For $x \in R, x \neq 0$, if $y(x)$ is differentiable function such that $x \int\limits_1^x y(t) d t=(x+1) \int\limits_1^x t y(t) d t$, then $y(x)$ equals (where C is a constant).

$\frac{C}{x^3} e^{-1 / x}$

We have,

$x \int\limits_1^x y(t) d t=(x+1) \int\limits_1^x t y(t) d t$               .....(i)
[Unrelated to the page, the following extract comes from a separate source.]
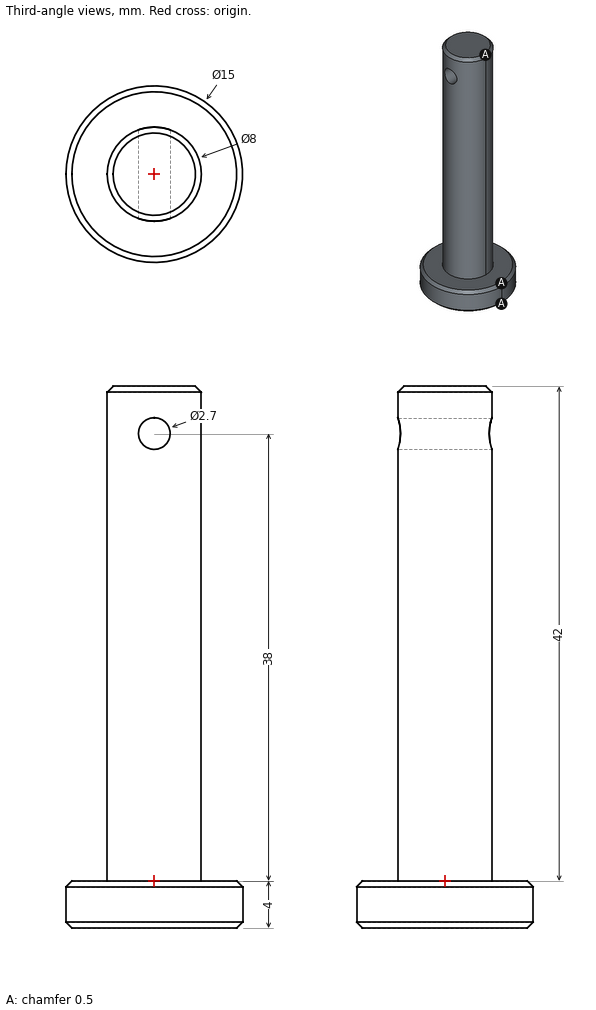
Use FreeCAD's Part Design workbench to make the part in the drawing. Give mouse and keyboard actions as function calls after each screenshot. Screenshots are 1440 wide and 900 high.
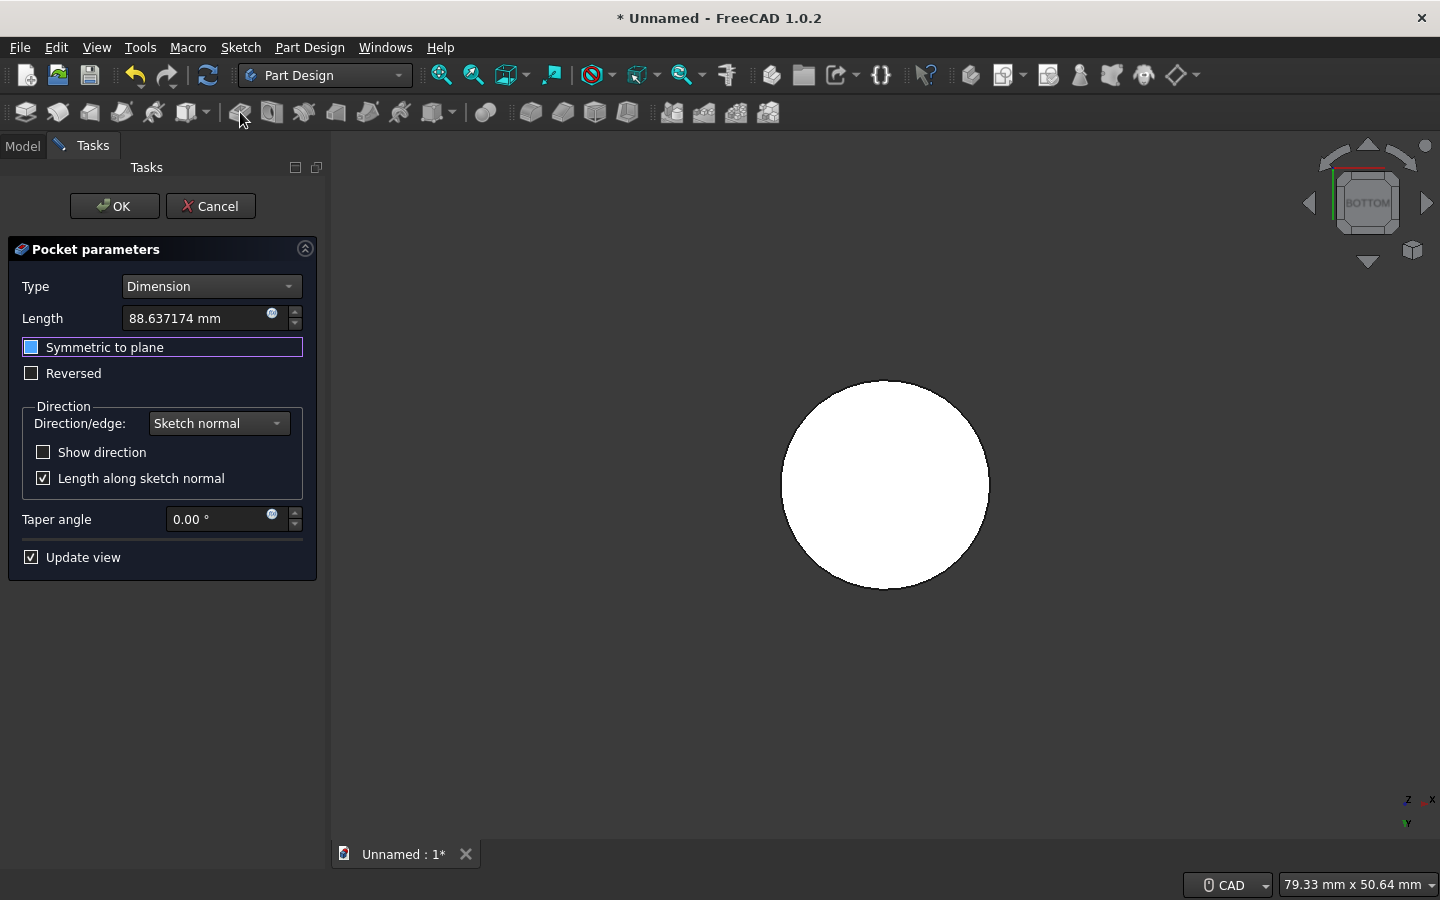
click(30, 347)

Differentiating with respect to $x$, we get

$\int\limits_1^x y(t) d t+x y(x)=\int\limits_1^x t y(t) d t+(x+1) x y(x)$

$\Rightarrow \int\limits_1^x y(t) d t=\int\limits_1^x t y(t) d t+x^2 y(x)$

Differentiating with respect to $x$, we get

$y(x)=x y(x)+x^2 \frac{d y}{d x}(x)+2 x y(x)$

$\Rightarrow (1-3 x) y(x)=x^2 \frac{d}{d x}(y(x))$

$\Rightarrow \left(\frac{1}{x^2}-\frac{3}{x}\right) d x=\frac{d(y(x))}{y(x)}$

Integrating, we obtain

$-\frac{1}{x}-3 \log x=\log y(x)+\log K$

$\Rightarrow -\frac{1}{x}=\log \left(K x^3 y(x)\right)$

$\Rightarrow K x^3 y(x)=e^{-1 / x} \Rightarrow y(x)=\frac{1}{K x^3} e^{-1 / x} \Rightarrow y(x)=\frac{C}{x^3} e^{-1 / x}$